Europe had been devastated by the war. Allied and Axis bombs had laid waste to large
portions of the continent. All that remained in many cities were the burned out shells of what
were once buildings.
Two military “superpower” nations emerged from the rubble: the United States and the
Soviet Union. The Soviets used the end of the war as an opportunity to expand their empire.
Britain, France, and America briefly occupied the conquered nations, and then gradually
allowed them to return to self-rule. The Soviets imposed totalitarian governments throughout
the land they occupied in Eastern Europe.

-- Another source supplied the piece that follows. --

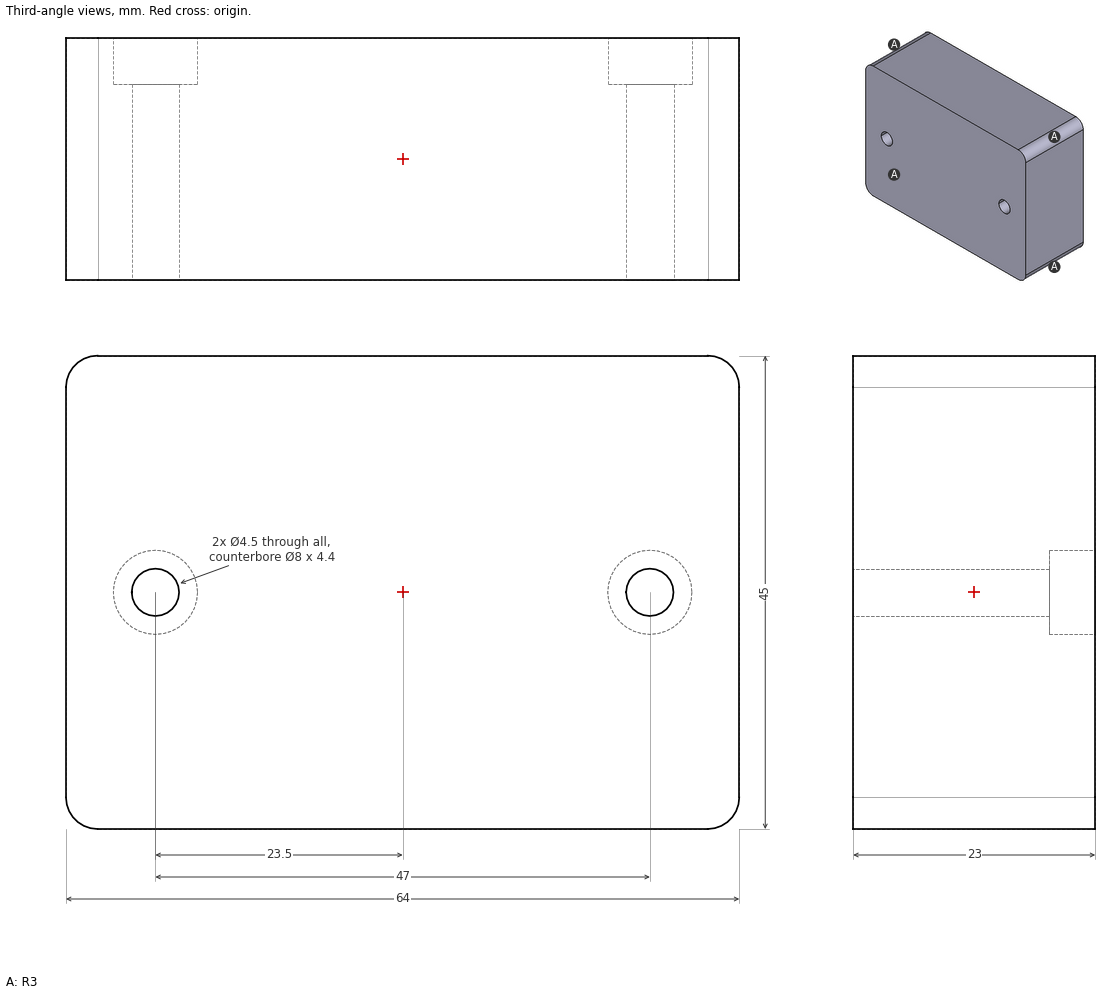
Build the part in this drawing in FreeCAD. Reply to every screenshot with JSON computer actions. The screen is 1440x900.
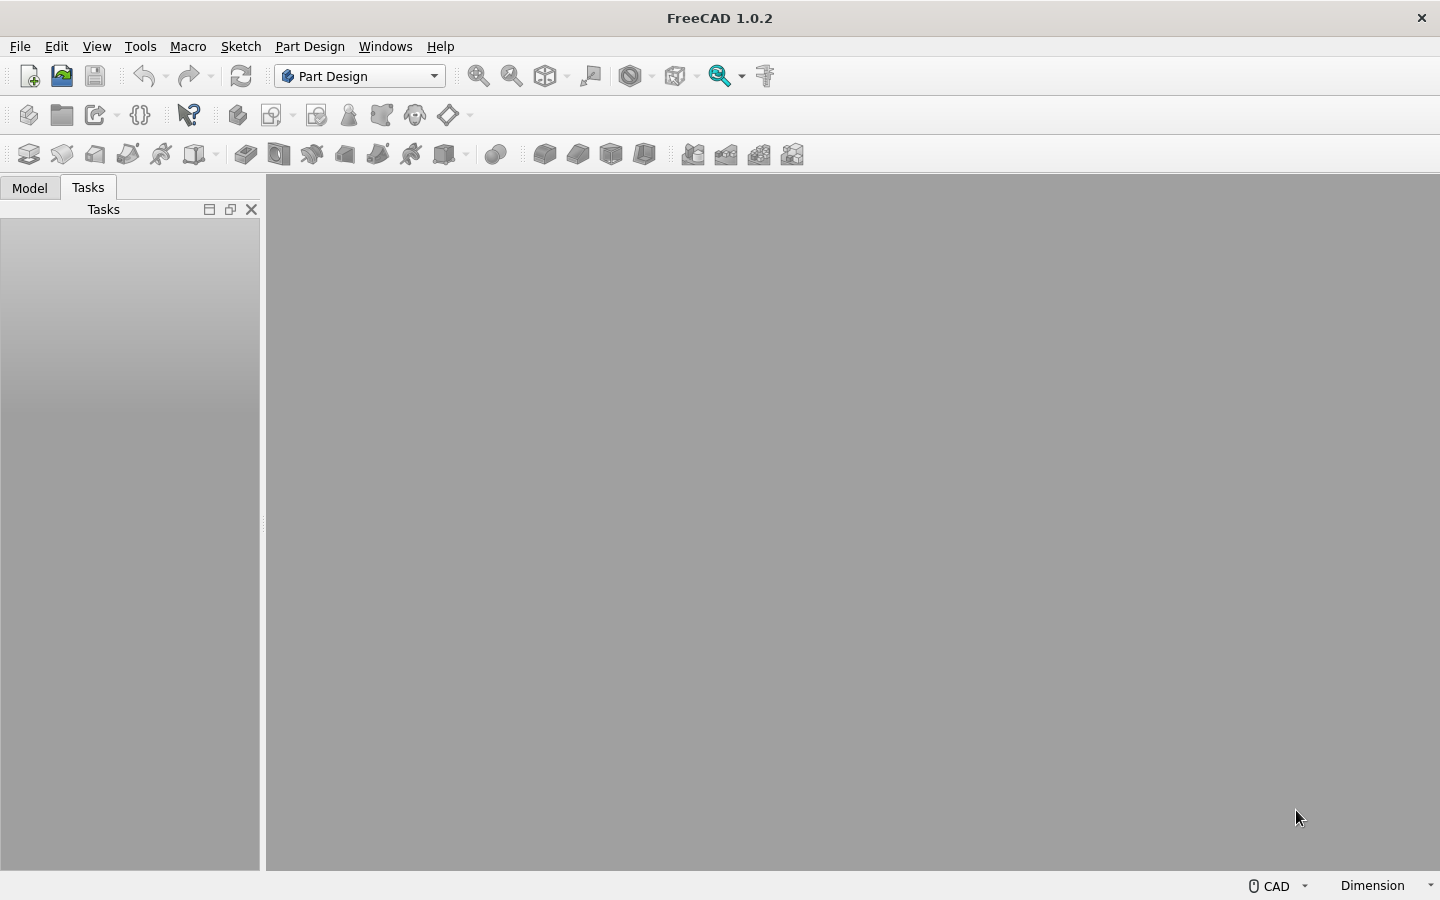
{"action": "left_click", "coordinate": [29, 76]}

An uneasy “Cold War” followed as the United States and the Soviet Union, competed for
supremacy. Both nations stockpiled enough arms to guarantee the destruction of the planet
many times over. This policy was known as “Mutually Assured Destruction,” and while costly
and terrifying, it worked. Neither nation used their deadly arsenal, but both nations funded
smaller wars to advance their interests. The Cold War ended with the breakup of the Soviet
Union in 1991.
Immediately after the Second World War, the United States feared that the Soviets would
impose their totalitarian style of government on the ruined European nations. The United
States decided that rebuilding Europe would
prevent Soviet expansion. The Marshall Plan
provided more than $35 billion in aid to Europe
after the war.
Representative of 51 nations met in San
Francisco in August 1945. They formed the
United Nations, an international body that
would resolve disputes through diplomacy
rather than armed conflict. Today more than
180 nations belong to the United Nations. The
United Nations has made many contributions to
world peace, but has not prevented war.
Almost all European Jews perished in the
Holocaust. The few remaining Holocaust
survivors did not want to return to the countries that participated in their destruction. AntiSemitic sentiment still existed in many European nations even after the terrible war had ended.
Some found it was still not safe to return to their homes.
Many Jews wished to return to their traditional homeland on the eastern shore of the
Mediterranean Sea. The British controlled the land, but it was occupied mainly by Arab
Muslims. The Arabs were upset with Jewish immigrants on what they felt was their land. The
United Nations declared Israel an independent Jewish homeland in 1948. After more than two
thousand years, the Jewish people finally had a nation of their own, but they would remain in
conflict with its neighbors to this day.